As enterprises navigate an increasingly varied and complex regulatory landscape, a common thread is emerging from major regulations like DORA (Digital Operational Resilience Act), the EU AI Act, and the NIST AI Risk Management Framework. Despite their different countries of origin, focus areas, and objectives, they all point to the same underlying requirement if organisations hope to achieve successful compliance: robust data governance.
When all regulatory roads lead to the same data governance destination, how can enterprises effectively navigate a path forward without running off course?
Out with the old
As a starting point, organisations need to get a handle on their data. This means understanding what data they have stored, where this information is stored, and who has access to this information.
It also requires a granular understanding of the type of data that they hold. For example, is this data a collection of sales figures and numbers – or is this personal data with Personally Identifiable Information (PII), such as scanned passport images, names, and home addresses?
The latter type of data could run afoul of any number of data privacy regulations. DORA’s laser focus on finance could pose issues if it’s found that customers who closed their bank or brokerage accounts didn’t have their data deleted after the usual five-to-seven-year retention period. (Even GDPR, to pluck another regulatory example from the pile, could be problematic: It famously gives consumers the right to have their data removed from systems).
A key piece of governance advice here is to ensure transparency around any retention policies and to clearly communicate them to all staff. Knowing what the retention policies for various types of data actually are – instead of having them buried in a dusty binder or hidden away on the company intranet – is the first step to making sure that information isn’t accidentally mishandled and that it isn’t being kept longer than strictly necessary.
Centralising content is another good preventative step. Bringing all the documents, emails, and other files together ensures that enterprises have “the full picture” in terms of what's contained within the organisation, and it has the added benefit of identifying any data that is either irrelevant, or no longer necessary, and can be disposed of.
Make “High Risk” more manageable
Data scattered across multiple systems isn’t just a potential landmine for DORA; it also could present problems with the EU AI Act. While the requirements within the act focus on governance of information that's been stored in systems, they also focus on the robustness of those systems themselves.
Specifically, it categorises AI systems by risk: Minimal, Limited, High-Risk, or Unacceptable Risk. For their part, enterprises need to do an honest accounting: In the event of a cyber-attack, what are the risk levels around a system that an enterprise is using? Is it likely to be a high point of risk? Does it have strong enough security elements to protect itself from an intruder?

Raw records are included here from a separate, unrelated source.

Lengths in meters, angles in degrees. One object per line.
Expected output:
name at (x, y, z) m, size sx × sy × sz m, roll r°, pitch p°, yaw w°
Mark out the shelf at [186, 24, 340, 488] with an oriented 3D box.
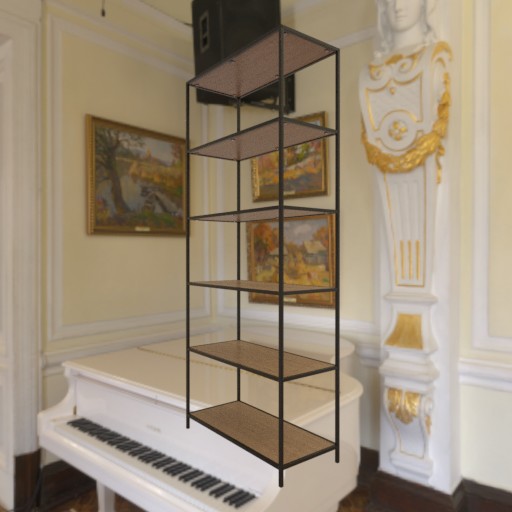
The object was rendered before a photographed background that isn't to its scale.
shelf at (0.000, 0.000, 2.177) m, size 0.350 × 1.850 × 0.770 m, roll 0°, pitch 0°, yaw -38°
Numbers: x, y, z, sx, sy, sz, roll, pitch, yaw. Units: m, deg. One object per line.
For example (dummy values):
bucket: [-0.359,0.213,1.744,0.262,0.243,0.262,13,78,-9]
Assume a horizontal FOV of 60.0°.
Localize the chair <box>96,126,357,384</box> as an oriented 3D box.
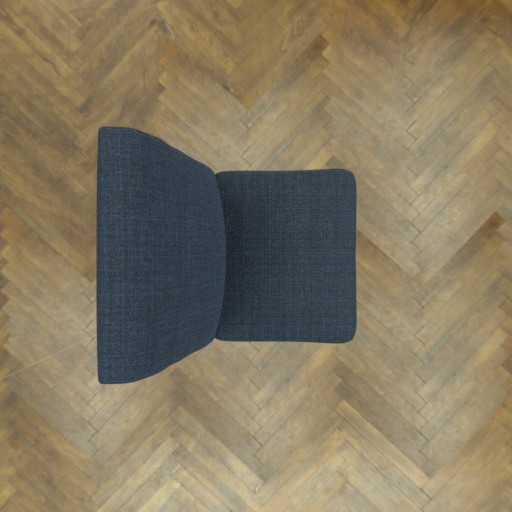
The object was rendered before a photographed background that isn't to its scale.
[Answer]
chair: [0.000,0.000,1.246,0.586,0.911,0.507,0,90,1]
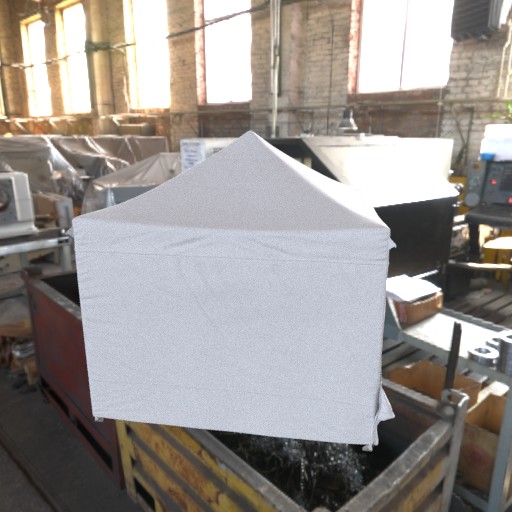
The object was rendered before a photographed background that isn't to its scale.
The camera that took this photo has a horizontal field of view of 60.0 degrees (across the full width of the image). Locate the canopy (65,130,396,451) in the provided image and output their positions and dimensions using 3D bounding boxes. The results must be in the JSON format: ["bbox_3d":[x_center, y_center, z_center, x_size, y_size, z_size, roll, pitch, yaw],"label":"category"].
[{"bbox_3d":[0.000,0.000,5.499,3.121,2.997,3.043,2,15,9],"label":"canopy"}]
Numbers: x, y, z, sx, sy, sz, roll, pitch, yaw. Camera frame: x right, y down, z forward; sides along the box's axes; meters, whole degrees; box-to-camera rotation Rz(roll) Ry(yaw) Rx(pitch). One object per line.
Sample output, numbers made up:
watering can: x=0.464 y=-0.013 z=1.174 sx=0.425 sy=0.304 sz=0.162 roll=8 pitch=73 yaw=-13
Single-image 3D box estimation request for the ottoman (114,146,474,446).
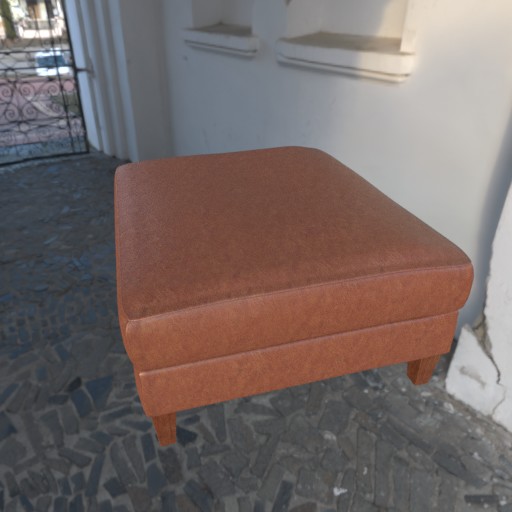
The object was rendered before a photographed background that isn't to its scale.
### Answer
ottoman: x=0.000 y=0.000 z=1.440 sx=0.836 sy=0.472 sz=0.987 roll=-8 pitch=31 yaw=-14
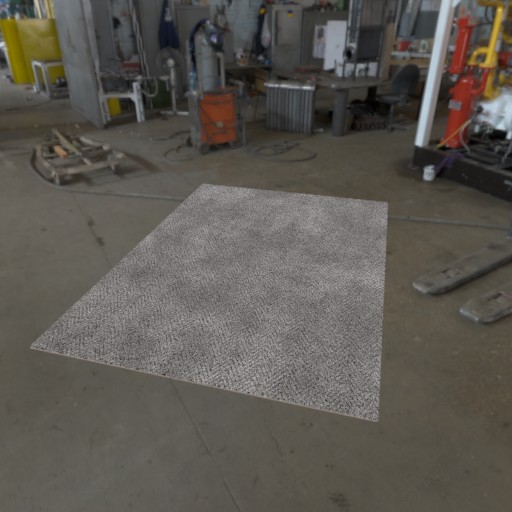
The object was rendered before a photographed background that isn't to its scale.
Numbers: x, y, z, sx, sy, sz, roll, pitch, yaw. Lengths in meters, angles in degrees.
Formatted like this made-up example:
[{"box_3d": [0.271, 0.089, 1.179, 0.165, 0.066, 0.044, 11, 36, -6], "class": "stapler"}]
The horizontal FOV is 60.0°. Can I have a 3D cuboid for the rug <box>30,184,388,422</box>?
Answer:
[{"box_3d": [0.000, 0.000, 2.836, 1.600, 0.008, 2.235, 8, 31, 13], "class": "rug"}]
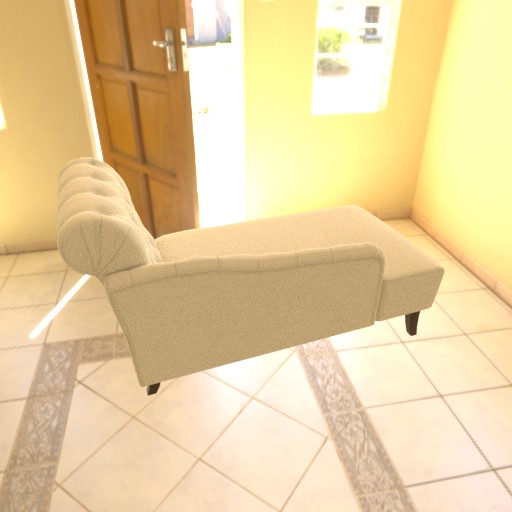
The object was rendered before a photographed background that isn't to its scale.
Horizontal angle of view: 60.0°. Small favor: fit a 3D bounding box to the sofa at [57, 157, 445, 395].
[{"bbox_3d":[0.000,0.000,1.808,1.379,0.787,0.675,-11,32,-18],"label":"sofa"}]
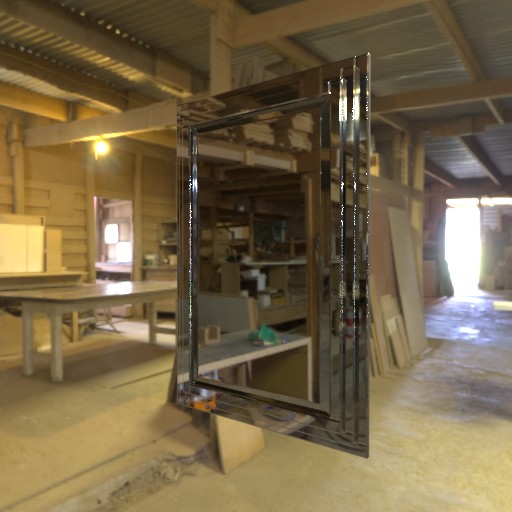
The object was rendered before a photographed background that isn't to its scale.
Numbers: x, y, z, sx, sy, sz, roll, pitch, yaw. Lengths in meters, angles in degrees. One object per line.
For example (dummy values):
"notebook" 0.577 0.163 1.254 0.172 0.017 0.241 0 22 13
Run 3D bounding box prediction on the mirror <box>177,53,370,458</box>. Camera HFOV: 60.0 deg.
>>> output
"mirror" 0.000 0.000 1.172 0.613 0.914 0.039 1 1 36
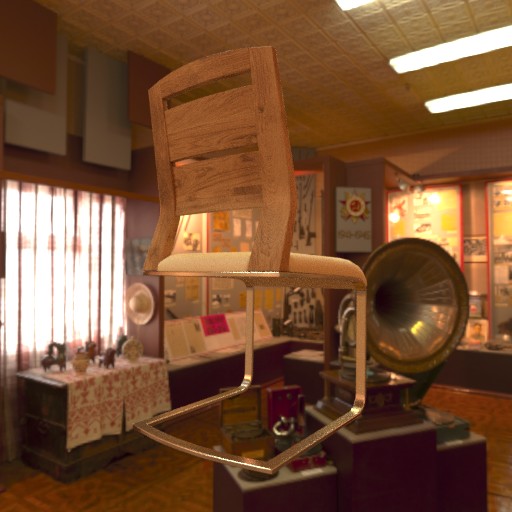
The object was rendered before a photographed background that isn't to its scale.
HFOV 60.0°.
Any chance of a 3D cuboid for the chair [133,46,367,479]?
[{"bbox_3d":[0.000,0.000,1.274,0.457,0.955,0.561,-1,-2,36],"label":"chair"}]

The advice here for enterprises that want to harden their defenses around High-Risk systems is to ensure that they’re centralising their content in a system designed for a zero-trust framework, a powerful defense against threats.
Instead of assuming that users or devices inside a network are safe, zero trust treats everything as potentially risky, whether it’s inside or outside the company. Additionally, every access request must be verified, authenticated, and authorized before it’s allowed. This is an instance where cybersecurity and data governance go hand in hand: You can’t properly govern data if it isn’t centralised and properly secured.
Nip AI bias in the bud
The NIST AI Risk Management Framework has a different focus, but data governance plays just as important a role in satisfactorily addressing its requirements. A voluntary guide from the U.S. government (via NIST), the AI Risk Management Framework aims to help companies use AI responsibly by spotting and managing risks like bias, privacy issues, or safety concerns.
In short, the goal is to build trustworthy AI – meaning it’s fair, transparent, safe, and accountable. None of this is possible without proper data governance.
The integrity of AI outputs hinges entirely on the data it consumes – so, having a centralised repository where all the data has been audited and vetted creates better responses on the AI side. This centralisation also allows organisations to easily identify what data is being used to train the AI model and to identify where any bias or other undesirable element is seeping into the AI.
Don’t downplay data governance
In the end, data governance isn’t just a compliance checkbox – it’s a foundational element for everything from risk management to ethical AI. Whether a new regulation comes from Europe or the United States, the message is clear: if enterprises want to stay ahead of regulatory scrutiny and on the right path, they need to get on board with data governance.